Karaman Kredi ve Yurtlar İl Müdürlüğüne bağlı yurtlarda Damla Projesi’nin amacına ulaşması için çalışan gönüllü öğrenciler bulunmaktadır.
            Bu öğrencilerin Damla Projesi kapsamında çeşitli etkinliklerde bulunduğu bilinmektedir. Bu projelerden birisi de son zamanlarda yoğun kar yağışı nedeni ile su ve yiyecek ihtiyacı olan kuşların, bu ihtiyaçlarının karşılanması amacıyla barındıkları yurdun bahçelerine Kuş Yemleme İstasyonları yapılmasıdır.

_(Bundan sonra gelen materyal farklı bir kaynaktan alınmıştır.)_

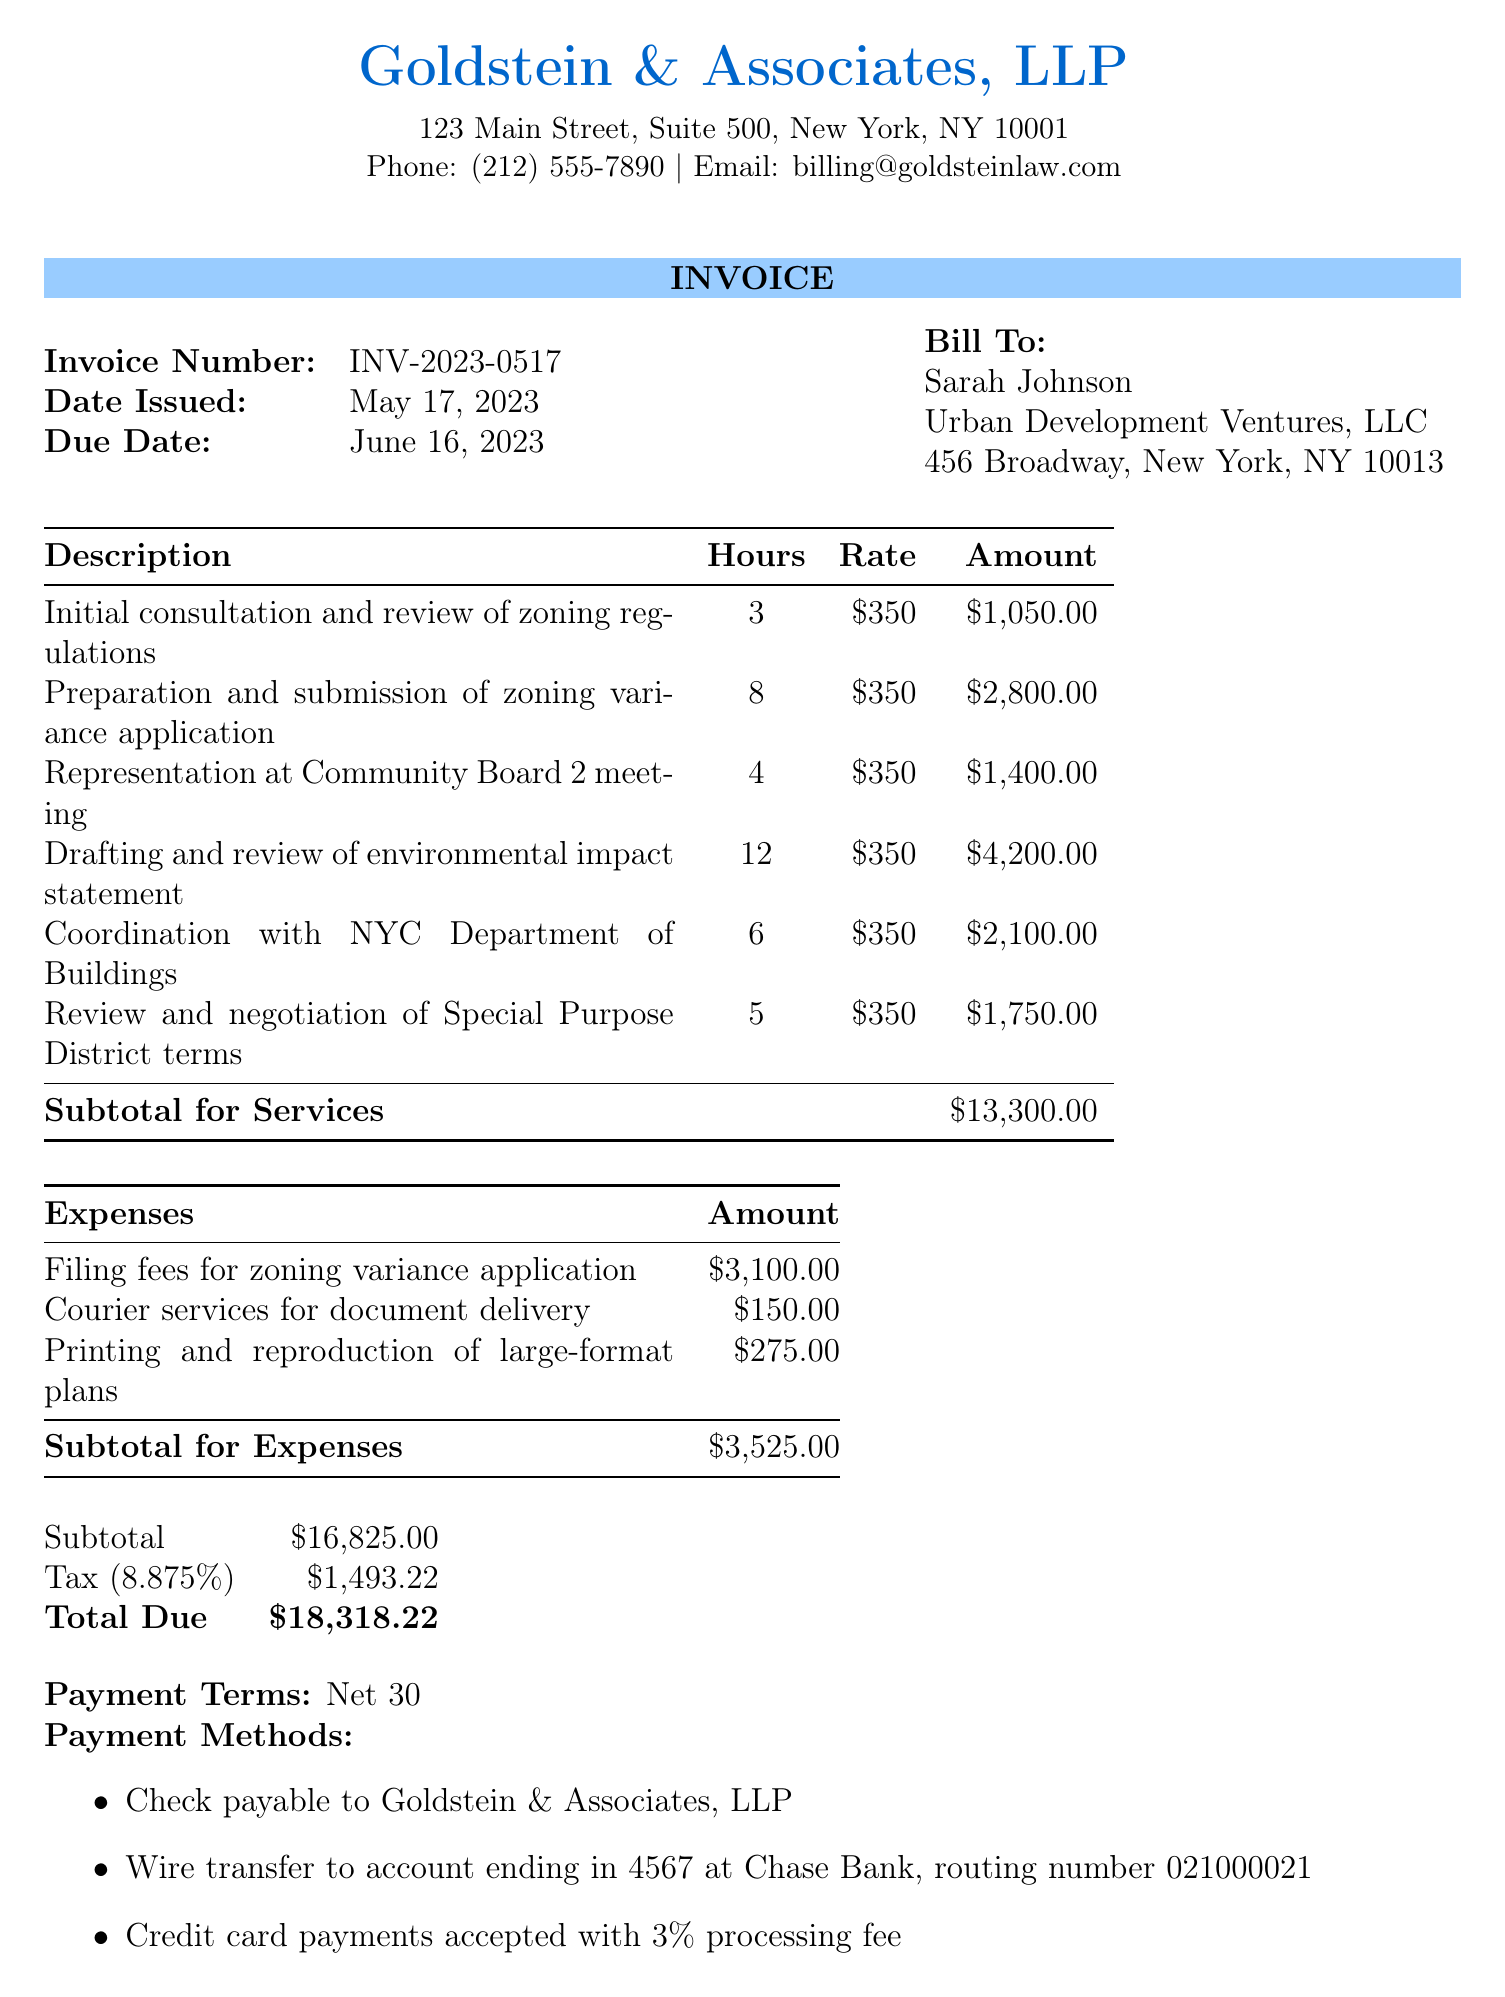What is the invoice number? The invoice number is specified as INV-2023-0517 in the document.
Answer: INV-2023-0517 Who is the client? The client's name is mentioned as Sarah Johnson in the document.
Answer: Sarah Johnson What is the total amount due? The total due is calculated at the end of the document and is stated as $18,318.22.
Answer: $18,318.22 What is the tax rate? The tax rate is clearly indicated as 8.875% in the document.
Answer: 8.875% How many hours were spent on drafting the environmental impact statement? The number of hours for this service is listed as 12 in the services section.
Answer: 12 What method of payment incurs a processing fee? The document specifies that credit card payments incur a 3% processing fee.
Answer: Credit card payments What is the due date for the payment? The due date is mentioned as June 16, 2023, in the invoice.
Answer: June 16, 2023 What is included in the expenses? The types of expenses listed include filing fees, courier services, and printing costs.
Answer: Filing fees, courier services, printing costs How many hours were devoted to the initial consultation? It is stated that 3 hours were allocated for the initial consultation in the document.
Answer: 3 
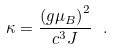<formula> <loc_0><loc_0><loc_500><loc_500>\kappa = \frac { { ( g \mu _ { B } ) } ^ { 2 } } { c ^ { 3 } J } \ .</formula> 
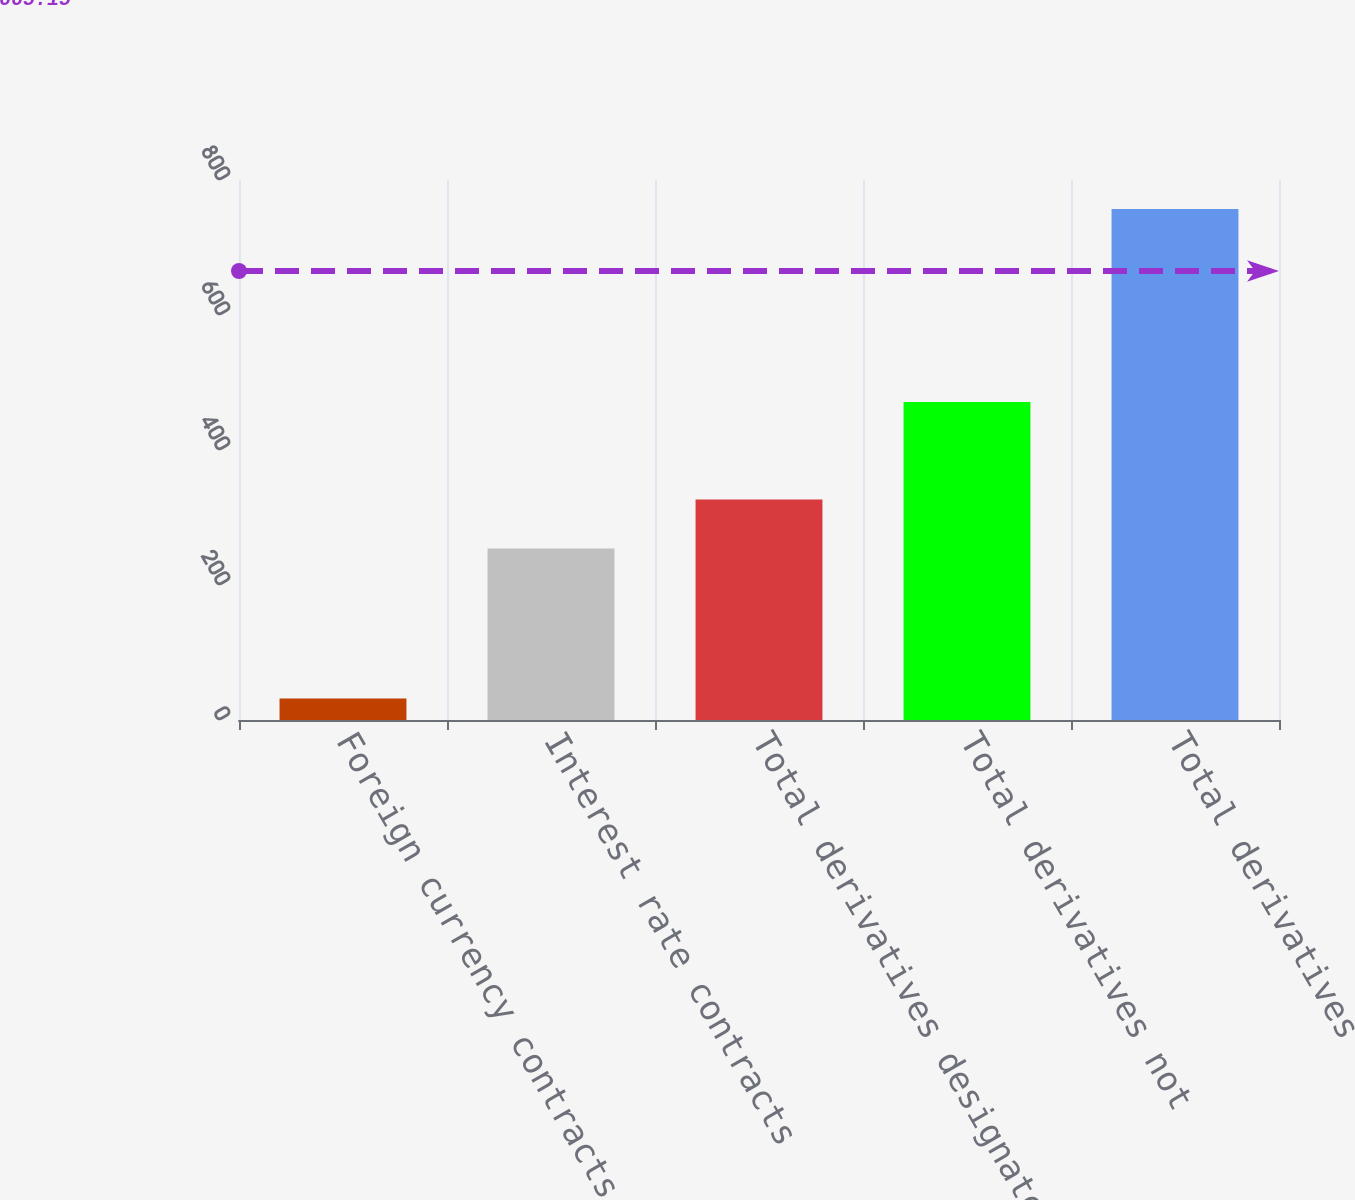Convert chart. <chart><loc_0><loc_0><loc_500><loc_500><bar_chart><fcel>Foreign currency contracts 3<fcel>Interest rate contracts<fcel>Total derivatives designated<fcel>Total derivatives not<fcel>Total derivatives<nl><fcel>32<fcel>254<fcel>326.5<fcel>471<fcel>757<nl></chart> 
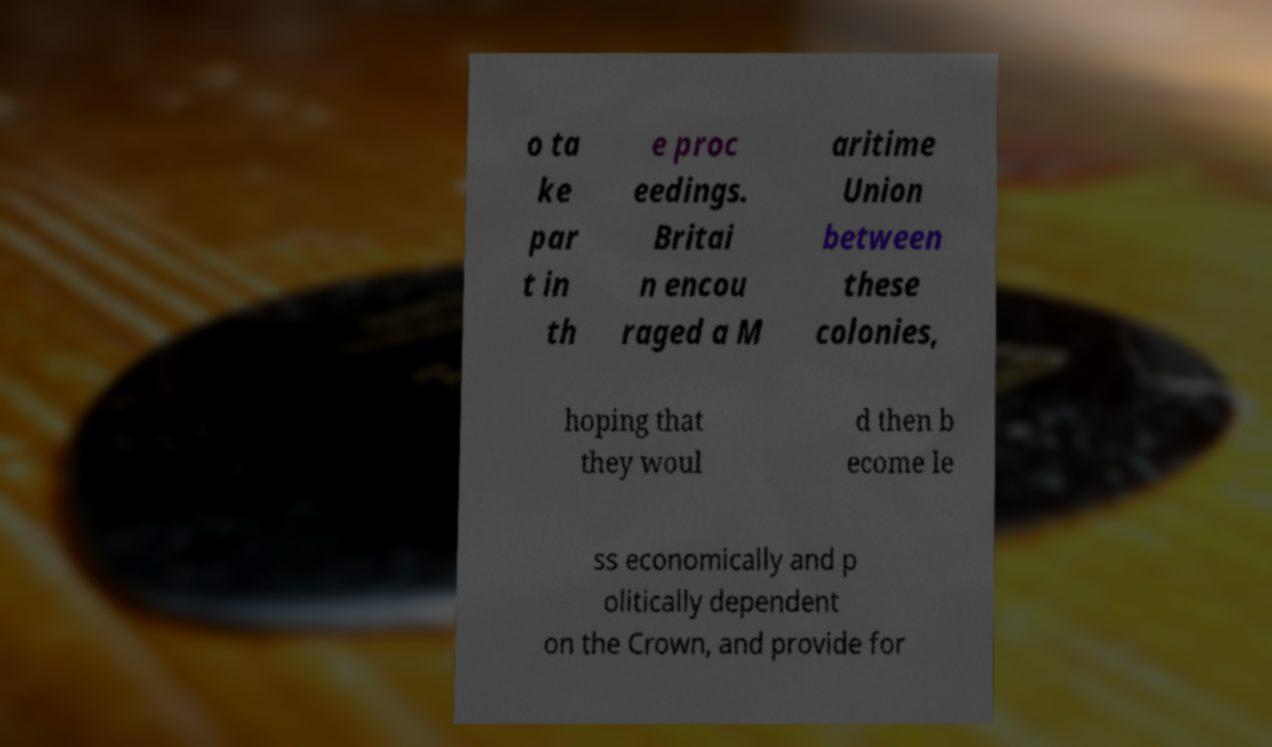Could you assist in decoding the text presented in this image and type it out clearly? o ta ke par t in th e proc eedings. Britai n encou raged a M aritime Union between these colonies, hoping that they woul d then b ecome le ss economically and p olitically dependent on the Crown, and provide for

            Öğrencilerimiz yoğun kar yağışının olduğu İlimizde; su ve yiyecek ihtiyacının karşılanması amacıyla yol kenarlarına, açık alanlara buğday ve ekmek bırakılmakta, yol kenarlarına yem bırakıldığında ise yem yemek için yola konan kuşlara araçların çarpıp ölümlere neden olduğunu, açık alanlara bırakılan ekmeklere insanların basıp geçtiğini belirttiler.
            Bu olumsuzlukların önlenmesi amacıyla, Kuş Yemleme İstasyonları’nın yapılması gerektiğini düşündüklerini belirttiler.
            Konu ile ilgili olarak öğrencilerimizin Osmanlıların Kuş Sevgisi, Avrupalıların Hayret ve Hayranlıkları konusunda bizimle ilginç paylaşımları oldu.
Osmanlı halkının kuşlara kolayca su bulmaları ve içmeleri için mezar taşlarına kuş havuzları koydurduklarını Mimar Sinan’nın kendi köyü Agırnas’ta yaptığı vakfın vakfiyesinde hayvanların su içmesi ve dinlenmesi için çeşmenin etrafındaki 45.000.m’2 araziyi vakfettiğini Bursa’da ayakkabıcılar çarşısının ortasında sakat hayvanlar için Darülacaze yeri yapıldığını 19.yy ‘da Bursa’da dünyanın ilk ve tek leylek hastanesi “Gurabahane-İ Laklakan”(Leylekler Bakımevi) kurulduğunu;
Sultan 2.Beyazıd’in Beyazid Camii’nin inşaası esnasında (1501/1505) tesis edilen Beyazid Vakfiyesinde kuşlar için her yıl harcanmak üzere 30(otuz) altın lira yem parası tahsis ettirdiğini;
İstanbul Eyüp Sultan Camii bahçesinde sürüsüne katılamayan sakat leyleklerle ilgilenen vakfın asırlarca hizmet verdiğini, Osmanlıda kuşlara duyulan merhametin günlük hayattaki en güzel bir yansıması da kuş satın alıp azat etmek âdeti olduğunu göçmen kuşların yavrularına “Her yıl aynı yere tünediklerini” dokunulmayarak muhafaza edildiğini;
Fransız Seyyah 1656’da İstanbul’da yaşayan Türklerin hayvan sevgisiyle ilgili kendisini hayrete bırakan izlenimleri olduğunu,
17. Yüzyılda gezgin Jean de Mont’un “Türklerin hayırları hayvanlar için bile geçerlidir” dediğini,
19. Yüzyılda Alman Meraşali Moltke anılarında “Üsküdarda hizmet veren kedi hastanesi bulunduğunu yazdığını,
Avukat GUER’in anılarında “Müslüman Türk’ün şefkati hayvanlara bile şamildir” diye yazdığını,
Bu örneklerin daha da çoğaltılabileceğini söylediler.
Kuşlara ve diğer hayvanlara ecdadımızın gösterdiği ilgi ve alakanın sağlanması amacıyla her zaman bizden desteğini esirgemeyen idari Personel ile görüştük. KUŞ YEMLEME PROJESİ’nin hayata geçmesinde emeği geçen bütün çalışanlara teşekkür ettiklerini ifade ettiler.
En önemlisi de öğrencilerin “Rezzak olan Allah’ın kuşların rızkını bizimle kuşlara ulaştırıyor” sözü bizi çok duygulandırdı.